Geçtiğimiz süreçte sessizce özelleştirmeye çalışılan Eynez Panosu, bugünlerde kapatılacak olan Telsiz Panosu (Sarıkaya) ve üretim faaliyetleri Torku Termik Santralinin geleceğine bağlı olan Deniş Panosu, İş yerlerimizin, atölyelerimizin kapatılması gözümüzün önünde gerçekleşmekte. Kamuya ait bu sahalar için, ne sendikalar ne de bölge siyasileri bu gidişe tepki gösteriyor.

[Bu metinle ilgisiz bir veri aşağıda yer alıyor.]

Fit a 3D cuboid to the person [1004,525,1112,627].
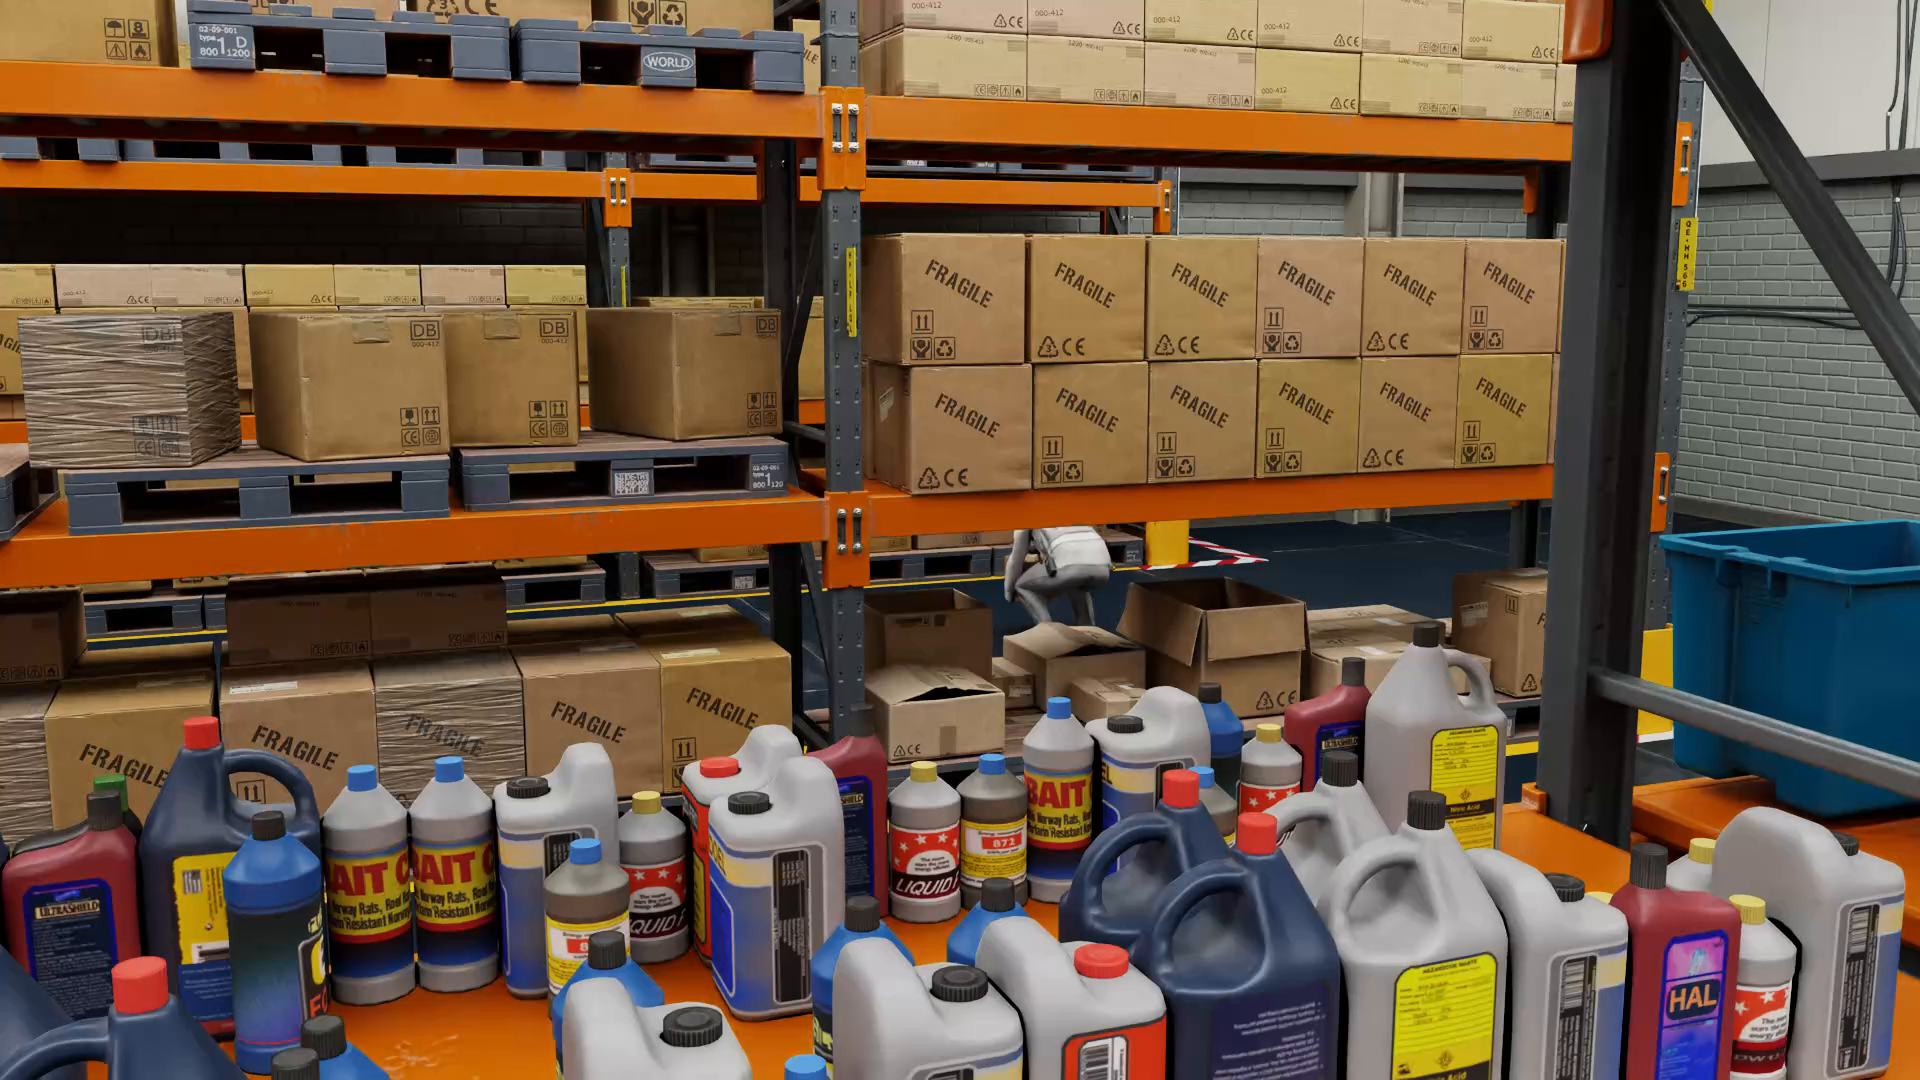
[{"bbox_3d":[0.563,0.126,9.797,0.464,0.981,0.853,-4,10,-22],"label":"person"}]
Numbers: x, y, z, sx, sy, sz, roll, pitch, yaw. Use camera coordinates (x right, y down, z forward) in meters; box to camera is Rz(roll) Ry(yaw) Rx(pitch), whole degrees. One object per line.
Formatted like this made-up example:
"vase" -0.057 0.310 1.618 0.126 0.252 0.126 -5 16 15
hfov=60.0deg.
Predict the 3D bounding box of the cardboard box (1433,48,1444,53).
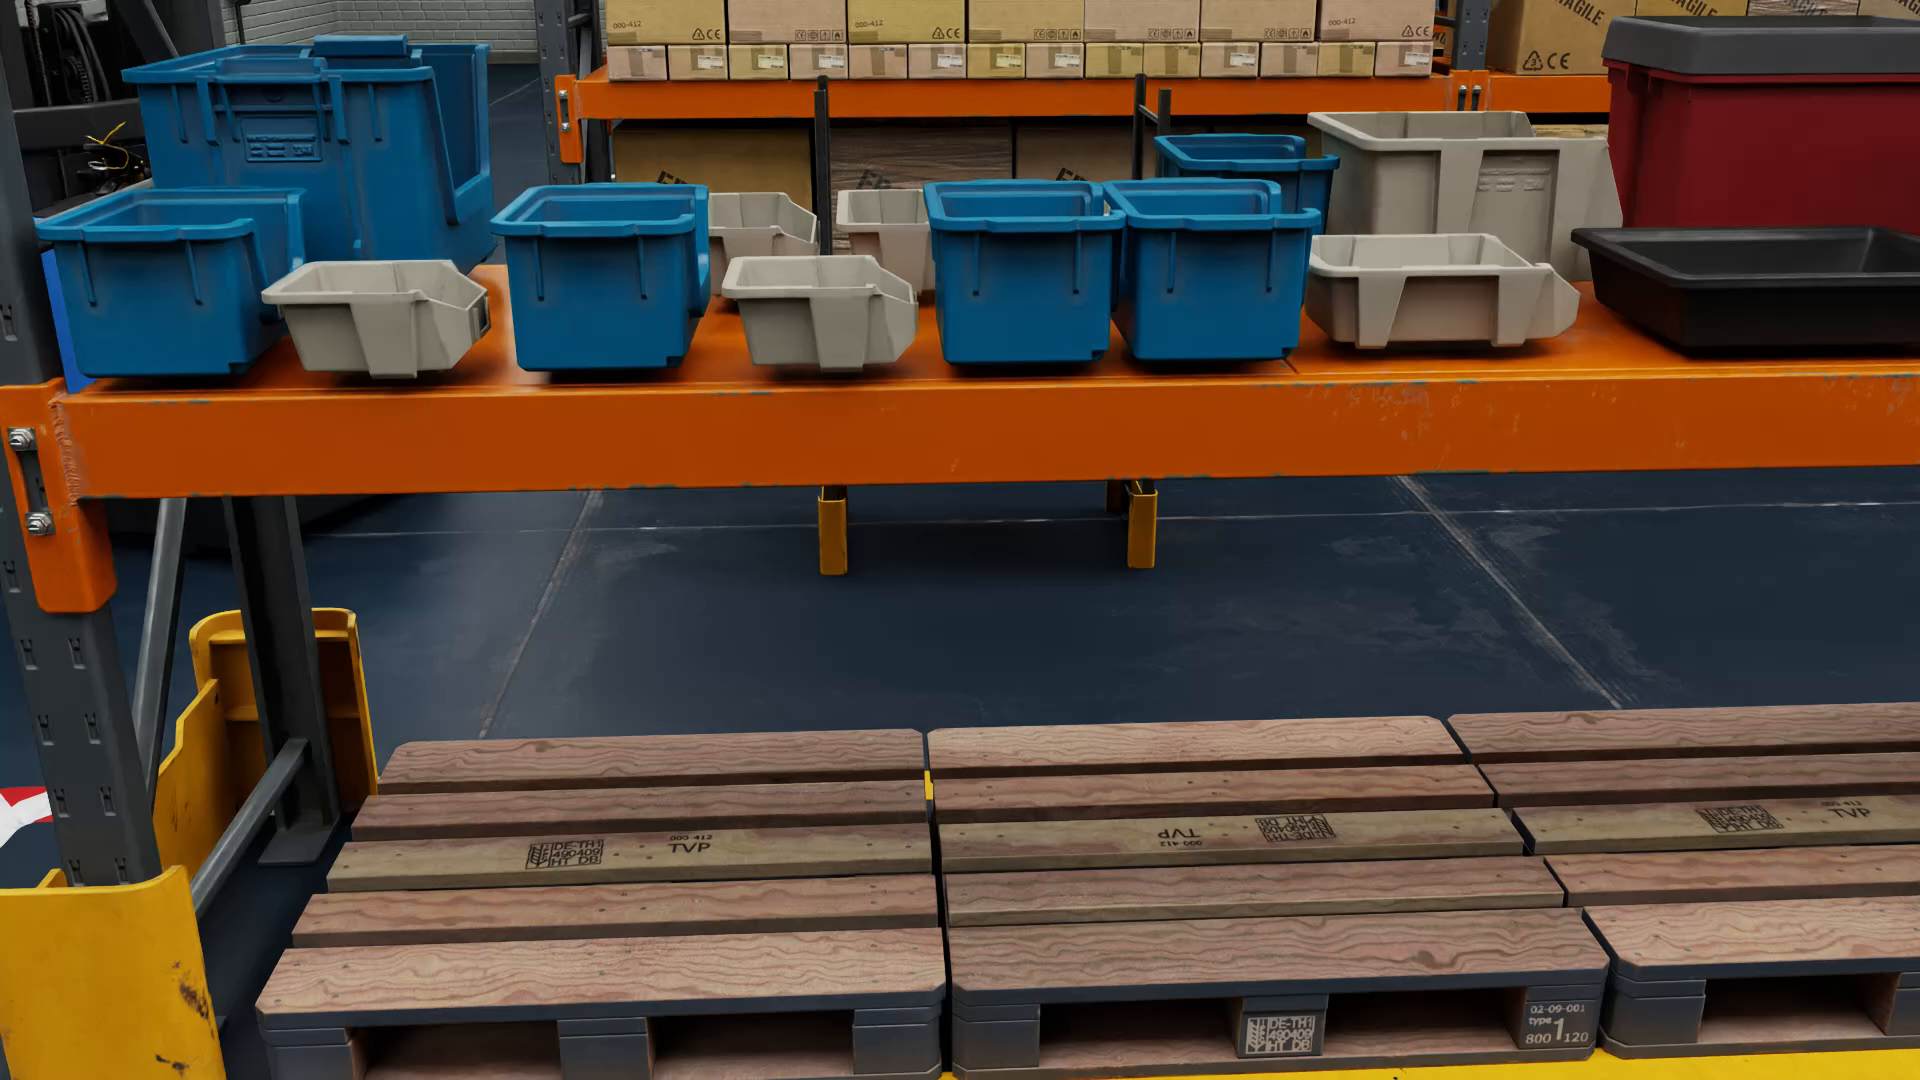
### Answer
"cardboard box" 3.815 -3.684 12.950 0.500 0.250 0.500 -2 21 -5

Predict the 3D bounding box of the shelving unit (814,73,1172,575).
"shelving unit" 0.076 -0.702 5.358 1.083 1.500 0.587 -1 21 -3

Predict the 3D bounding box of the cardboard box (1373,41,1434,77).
"cardboard box" 1.941 -2.175 7.471 0.250 0.149 0.380 -1 21 -3

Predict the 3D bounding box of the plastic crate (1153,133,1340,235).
"plastic crate" 0.552 -0.657 3.281 0.300 0.233 0.416 -1 21 -3

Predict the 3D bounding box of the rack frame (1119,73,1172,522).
"rack frame" 0.593 -0.713 5.386 0.032 1.500 0.500 -1 21 -3

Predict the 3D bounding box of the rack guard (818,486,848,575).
"rack guard" -0.421 -0.108 5.554 0.087 0.250 0.587 -1 21 -3

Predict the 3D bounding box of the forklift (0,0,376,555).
"forklift" -3.461 -1.661 5.863 3.031 2.935 1.130 10 23 23

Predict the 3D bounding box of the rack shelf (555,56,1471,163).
"rack shelf" 0.230 -2.038 7.769 4.000 0.370 1.077 -1 21 -3

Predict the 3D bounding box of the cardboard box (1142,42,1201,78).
"cardboard box" 0.914 -2.154 7.415 0.250 0.149 0.380 -1 21 -2

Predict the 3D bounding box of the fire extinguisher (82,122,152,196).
"fire extinguisher" -1.660 -0.522 3.409 0.183 0.674 0.296 -1 21 -3

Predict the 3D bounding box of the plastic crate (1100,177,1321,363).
"plastic crate" 0.396 -0.445 2.725 0.300 0.233 0.416 -1 21 -3

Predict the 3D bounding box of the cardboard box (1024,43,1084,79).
"cardboard box" 0.404 -2.144 7.389 0.250 0.149 0.380 -1 21 -2

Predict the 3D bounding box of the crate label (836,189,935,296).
"crate label" -0.113 -0.575 3.201 0.243 0.136 0.396 -1 21 -3

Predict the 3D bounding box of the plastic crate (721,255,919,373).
"plastic crate" -0.216 -0.358 2.631 0.298 0.136 0.250 -1 21 -3

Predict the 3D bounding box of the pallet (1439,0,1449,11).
"pallet" 4.064 -4.116 12.485 1.213 0.211 1.003 -1 21 -3

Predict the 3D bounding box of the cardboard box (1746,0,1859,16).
"cardboard box" 3.702 -2.403 7.575 0.500 0.500 0.500 -2 21 -4

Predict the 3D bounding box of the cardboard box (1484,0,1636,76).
"cardboard box" 2.701 -2.382 7.521 0.500 0.500 0.500 -1 21 -3

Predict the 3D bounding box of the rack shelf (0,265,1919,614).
"rack shelf" 0.513 -0.279 3.148 4.000 0.370 1.077 -1 21 -3

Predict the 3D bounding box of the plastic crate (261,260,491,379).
"plastic crate" -0.893 -0.344 2.595 0.298 0.136 0.250 -1 21 -3

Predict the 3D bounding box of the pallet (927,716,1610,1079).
"pallet" 0.557 0.702 3.479 1.213 0.211 1.003 -1 21 -3

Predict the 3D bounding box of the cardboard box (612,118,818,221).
"cardboard box" -1.132 -1.578 7.947 0.875 0.875 0.875 -1 21 -3

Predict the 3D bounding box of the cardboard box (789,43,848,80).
"cardboard box" -0.621 -2.123 7.334 0.250 0.149 0.380 -1 21 -4

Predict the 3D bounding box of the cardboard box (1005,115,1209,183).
"cardboard box" 0.665 -1.615 8.043 0.875 0.875 0.875 -1 21 -3

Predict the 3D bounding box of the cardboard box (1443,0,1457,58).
"cardboard box" 2.678 -2.568 8.010 0.500 0.500 0.500 -1 21 -3

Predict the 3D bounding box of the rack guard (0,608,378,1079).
"rack guard" -1.507 0.599 3.345 0.348 0.500 1.175 -1 21 -3

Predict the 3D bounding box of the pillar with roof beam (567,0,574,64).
"pillar with roof beam" -5.117 -9.157 17.025 0.400 9.000 9.100 -1 21 -3

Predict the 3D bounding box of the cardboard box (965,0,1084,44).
"cardboard box" 0.269 -2.351 7.372 0.500 0.250 0.500 -2 21 -4

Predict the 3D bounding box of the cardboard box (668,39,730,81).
"cardboard box" -1.137 -2.112 7.305 0.250 0.149 0.380 -1 21 -4

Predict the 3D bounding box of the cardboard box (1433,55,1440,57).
"cardboard box" 3.329 -3.490 12.441 0.500 0.250 0.500 -1 21 -2

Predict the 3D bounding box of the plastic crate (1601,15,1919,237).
"plastic crate" 1.604 -0.784 3.291 0.583 0.464 0.402 -1 21 -3

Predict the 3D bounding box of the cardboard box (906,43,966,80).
"cardboard box" -0.110 -2.133 7.361 0.250 0.149 0.380 -1 21 -4

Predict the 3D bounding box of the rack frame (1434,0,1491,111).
"rack frame" 2.227 -2.415 7.748 0.127 3.000 1.000 -1 21 -3

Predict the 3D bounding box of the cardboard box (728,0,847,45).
"cardboard box" -0.753 -2.329 7.316 0.500 0.250 0.500 -1 21 -4

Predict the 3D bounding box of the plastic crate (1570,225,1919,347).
"plastic crate" 1.408 -0.437 2.854 0.590 0.125 0.437 -1 21 -3

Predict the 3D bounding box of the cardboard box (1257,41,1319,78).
"cardboard box" 1.428 -2.164 7.443 0.250 0.149 0.380 -2 21 -4

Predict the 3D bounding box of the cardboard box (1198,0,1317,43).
"cardboard box" 1.285 -2.370 7.423 0.500 0.250 0.500 -1 21 -1

Cumhurbaşkanlığı Stratejik Daire Başkanlığının açıkladığı 2025-2027 orta vadeli planlarında Kamu iktisadi Teşebbüslerinin yönetimsel değişikliğe gitmesiyle, Enerji Bakanlığına bağlı 19 kurumdan biri olan Türkiye Kömür İşletmelerinde şirketleşme-halka arz gibi sempatik sözlerle özelleştirmeyi daha rahat hale getirmeyi planlandığını, daha önce şirketleşmiş kurumlardan görmekteyiz. Eğer önüne geçilmez ise şirketleşme özelleştirmenin pembesidir.
Türkiye gündeminden düşmeyen yüksek kira ücretleri her yurttaş gibi bizleri de olumsuz etkilemekte. Barınmayı sağlamaya çalışan kamu işçileri, Türkiye Kömür İşletmelerinin yaptırmış olduğu lojmanlar ile büyük bir sorunu ortadan kaldırmayı hedeflerken, lojman tahsisinde uygulanacak her türlü usulsüzlüğe karşı da emekçilerin hakları için sendikanın özel bir itina göstermesine ve kamu işçilerinin haklarını savunmasına ihtiyaç var. Umarım 2025 yılı ilk çeyreğinde imzalanmasını öngördüğümüz toplu iş sözleşmemiz ile ülkede bulunan kamu işçilerinin istikrarsızlık, güvensizlik ve işsiz kalma havasının dağılıp hak, hukuk, adalet ve gelecek kaygısızlığı temennisine gerek duymadığı yarınlara kapı açılmış olur.